Snippet Two: MOSS-TTSD Multi-Speaker Dialogue Generation
# MOSS-TTSD: spoken dialogue generation
# Source: OpenMOSS/MOSS-TTSD (Apache 2.0)
# Architecture: Qwen3-8B + MusicGen-style Temporal+Depth Transformer
import requests
import json
# TTSD is served via SGLang after model fusion
TTSD_URL = "http://localhost:30000/v1/completions"
# ── MULTI-SPEAKER DIALOGUE GENERATION ─────────────────────────────────────────
# The input format encodes speaker turns explicitly
# Speaker identities come from zero-shot voice cloning (3-5s audio reference)
def generate_dialogue(
script: list[dict], # list of {"speaker": "A", "text": "Hello there"}
speaker_audio: dict, # {"A": base64_audio_ref, "B": base64_audio_ref}
max_duration_s: int = 600, # up to 3600s for TTSD v1.0
) -> bytes:
"""
Generate a full spoken dialogue from a script and speaker references.
← TTSD models the entire dialogue as ONE continuous autoregressive generation
NOT: generate each utterance separately then concatenate (that loses prosody continuity)
BUT: model the full dialogue as a single token sequence
This is why natural turn-taking and overlap patterns emerge:
the model learns dialogue timing, not just individual utterance quality
"""
prompt = build_dialogue_prompt(script, speaker_audio)
response = requests.post(TTSD_URL, json={
"model": "moss-ttsd-v1.0",
"prompt": prompt,
"max_tokens": max_duration_s * 200, # ← 200 tokens/second at 2kbps, 12.5fps, 16 layers
# ← THIS is the efficiency calculation:
# 16 RVQ layers × 12.5 fps = 200 audio tokens per second
# For 10 min: 200 × 600 = 120,000 audio tokens
# Total (with text tokens): ~125,000 tokens → fits Qwen3-8B context
"temperature": 0.8,
"delay_pattern": True, # ← delay pattern for multi-stream AR generation
# The delay pattern staggers generation of different RVQ layers:
# Layer 0 is generated, then layer 0+layer1 offset by 1 step, etc.
# ← This prevents autoregressive generation from becoming O(K × T) steps
# Instead: T + K steps total (K = num RVQ layers, T = num time frames)
})
return response.json()["audio_bytes"]
def build_dialogue_prompt(script, speaker_audio):
"""
Construct the interleaved text + speaker token prompt.
Format:
[SPEAKER_A_REF: base64_audio]
[SPEAKER_B_REF: base64_audio]
[A]: Good morning, Dr.
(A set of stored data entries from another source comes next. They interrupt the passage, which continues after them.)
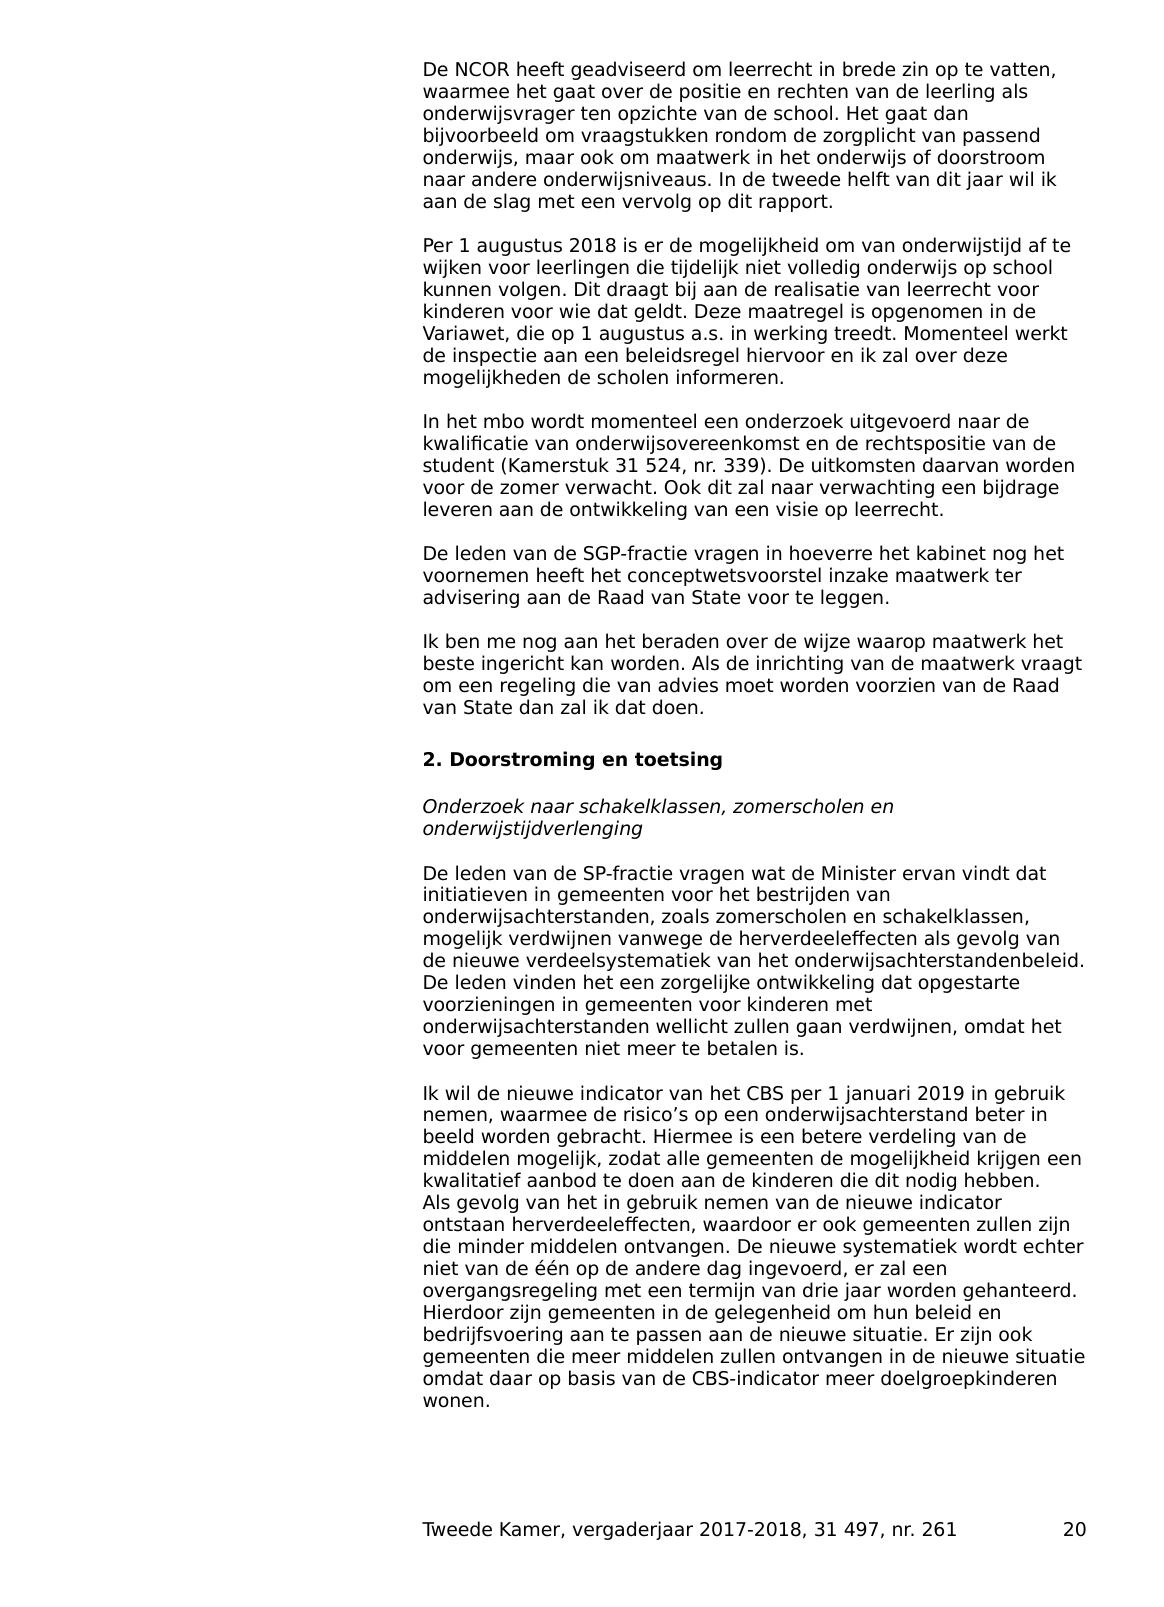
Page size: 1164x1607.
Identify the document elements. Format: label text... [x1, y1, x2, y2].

text Als gevolg van het in gebruik nemen van de nieuwe indicator ontstaan herverdeeleffecten, waardoor er ook gemeenten zullen zijn die minder middelen ontvangen. De nieuwe systematiek wordt echter niet van de één op de andere dag ingevoerd, er zal een overgangsregeling met een termijn van drie jaar worden gehanteerd. Hierdoor zijn gemeenten in de gelegenheid om hun beleid en bedrijfsvoering aan te passen aan de nieuwe situatie. Er zijn ook gemeenten die meer middelen zullen ontvangen in de nieuwe situatie omdat daar op basis van de CBS-indicator meer doelgroepkinderen wonen. [422, 1192, 1087, 1412]
text De leden van de SGP-fractie vragen in hoeverre het kabinet nog het voornemen heeft het conceptwetsvoorstel inzake maatwerk ter advisering aan de Raad van State voor te leggen. [422, 543, 1087, 609]
text Ik wil de nieuwe indicator van het CBS per 1 januari 2019 in gebruik nemen, waarmee de risico’s op een onderwijsachterstand beter in beeld worden gebracht. Hiermee is een betere verdeling van de middelen mogelijk, zodat alle gemeenten de mogelijkheid krijgen een kwalitatief aanbod te doen aan de kinderen die dit nodig hebben. [422, 1082, 1087, 1192]
text De NCOR heeft geadviseerd om leerrecht in brede zin op te vatten, waarmee het gaat over de positie en rechten van de leerling als onderwijsvrager ten opzichte van de school. Het gaat dan bijvoorbeeld om vraagstukken rondom de zorgplicht van passend onderwijs, maar ook om maatwerk in het onderwijs of doorstroom naar andere onderwijsniveaus. In de tweede helft van dit jaar wil ik aan de slag met een vervolg op dit rapport. [422, 59, 1087, 213]
subtitle 2. Doorstroming en toetsing [422, 749, 1087, 771]
text Per 1 augustus 2018 is er de mogelijkheid om van onderwijstijd af te wijken voor leerlingen die tijdelijk niet volledig onderwijs op school kunnen volgen. Dit draagt bij aan de realisatie van leerrecht voor kinderen voor wie dat geldt. Deze maatregel is opgenomen in de Variawet, die op 1 augustus a.s. in werking treedt. Momenteel werkt de inspectie aan een beleidsregel hiervoor en ik zal over deze mogelijkheden de scholen informeren. [422, 235, 1087, 389]
text In het mbo wordt momenteel een onderzoek uitgevoerd naar de kwalificatie van onderwijsovereenkomst en de rechtspositie van de student (Kamerstuk 31 524, nr. 339). De uitkomsten daarvan worden voor de zomer verwacht. Ook dit zal naar verwachting een bijdrage leveren aan de ontwikkeling van een visie op leerrecht. [422, 411, 1087, 521]
subtitle Onderzoek naar schakelklassen, zomerscholen en onderwijstijdverlenging [422, 796, 1087, 840]
text Ik ben me nog aan het beraden over de wijze waarop maatwerk het beste ingericht kan worden. Als de inrichting van de maatwerk vraagt om een regeling die van advies moet worden voorzien van de Raad van State dan zal ik dat doen. [422, 631, 1087, 719]
text De leden van de SP-fractie vragen wat de Minister ervan vindt dat initiatieven in gemeenten voor het bestrijden van onderwijsachterstanden, zoals zomerscholen en schakelklassen, mogelijk verdwijnen vanwege de herverdeeleffecten als gevolg van de nieuwe verdeelsystematiek van het onderwijsachterstandenbeleid. De leden vinden het een zorgelijke ontwikkeling dat opgestarte voorzieningen in gemeenten voor kinderen met onderwijsachterstanden wellicht zullen gaan verdwijnen, omdat het voor gemeenten niet meer te betalen is. [422, 862, 1087, 1060]
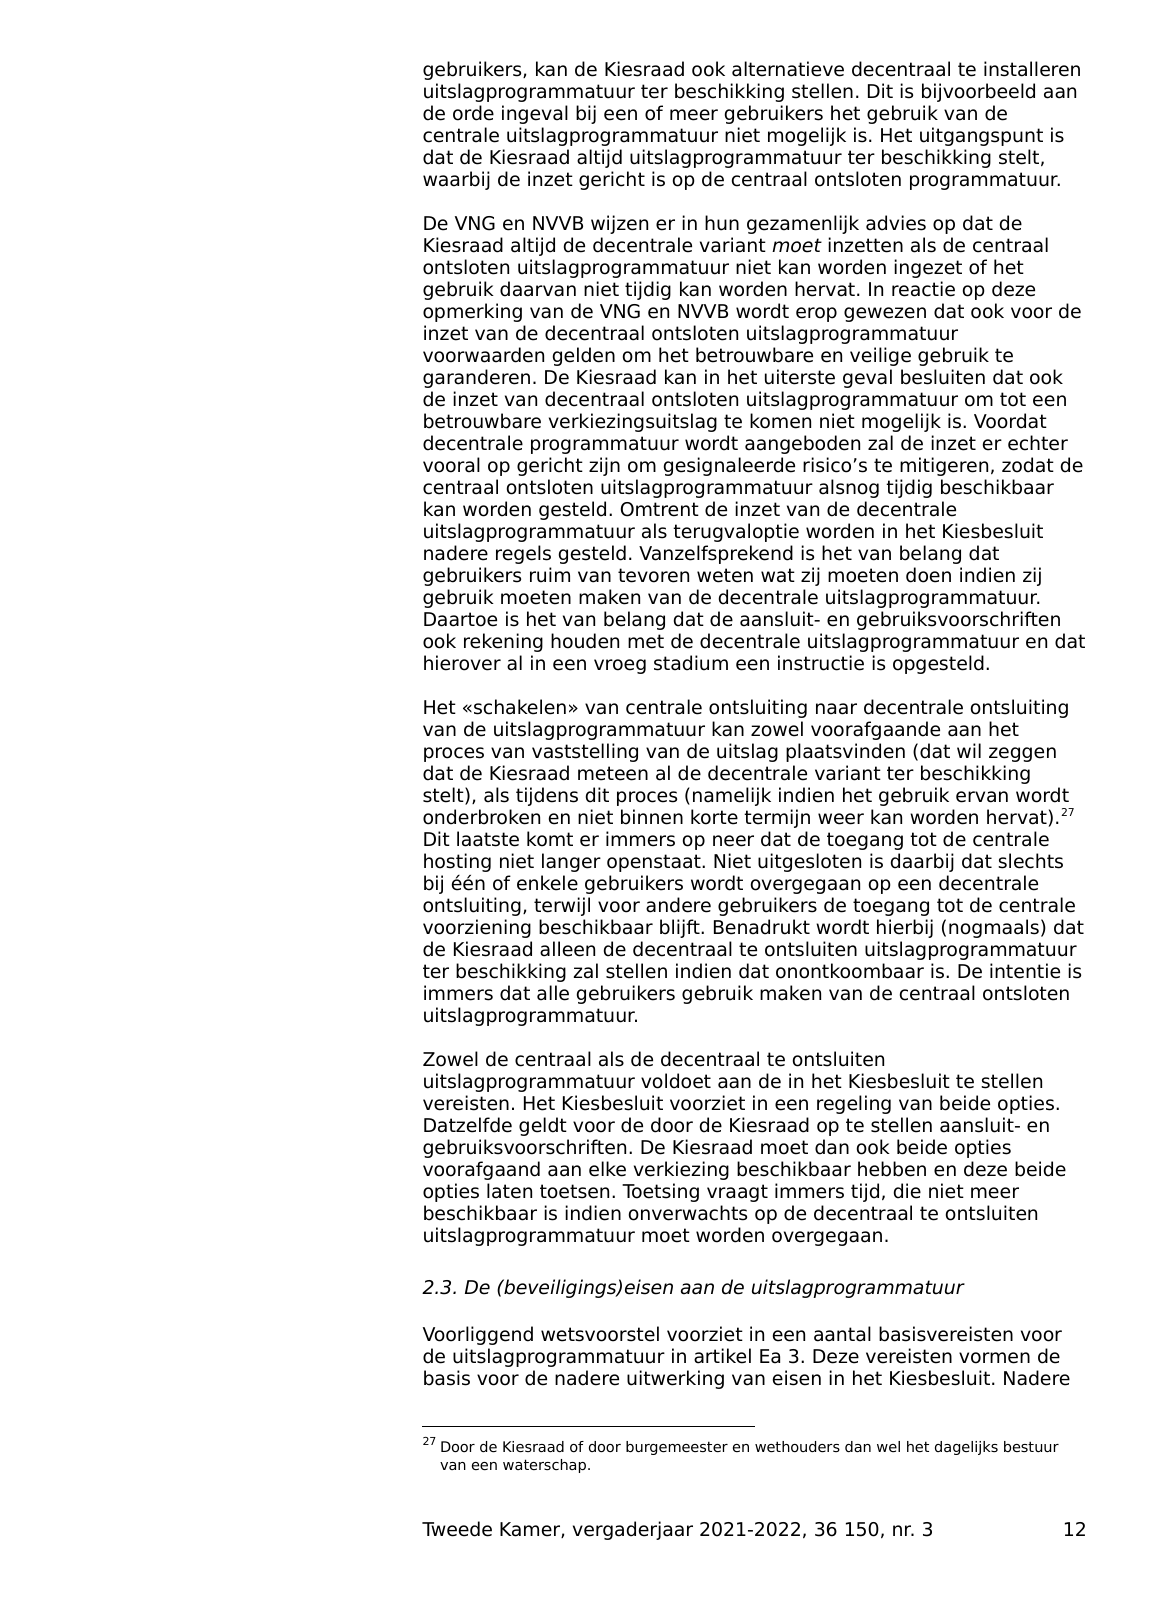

Chen.
[B]: Good morning. I've been reviewing your test results.
[A]: And?
[B]: The numbers look much better than last month.
"""
# Speaker reference tokens come first (zero-shot voice cloning)
# ← These inject the acoustic identity without fine-tuning
# The model learns to maintain each speaker's timbre throughout the dialogue
ref_tokens = ""
for speaker_id, audio_ref in speaker_audio.items():
ref_tokens += f"[SPEAKER_{speaker_id}_REF: {audio_ref}]\n"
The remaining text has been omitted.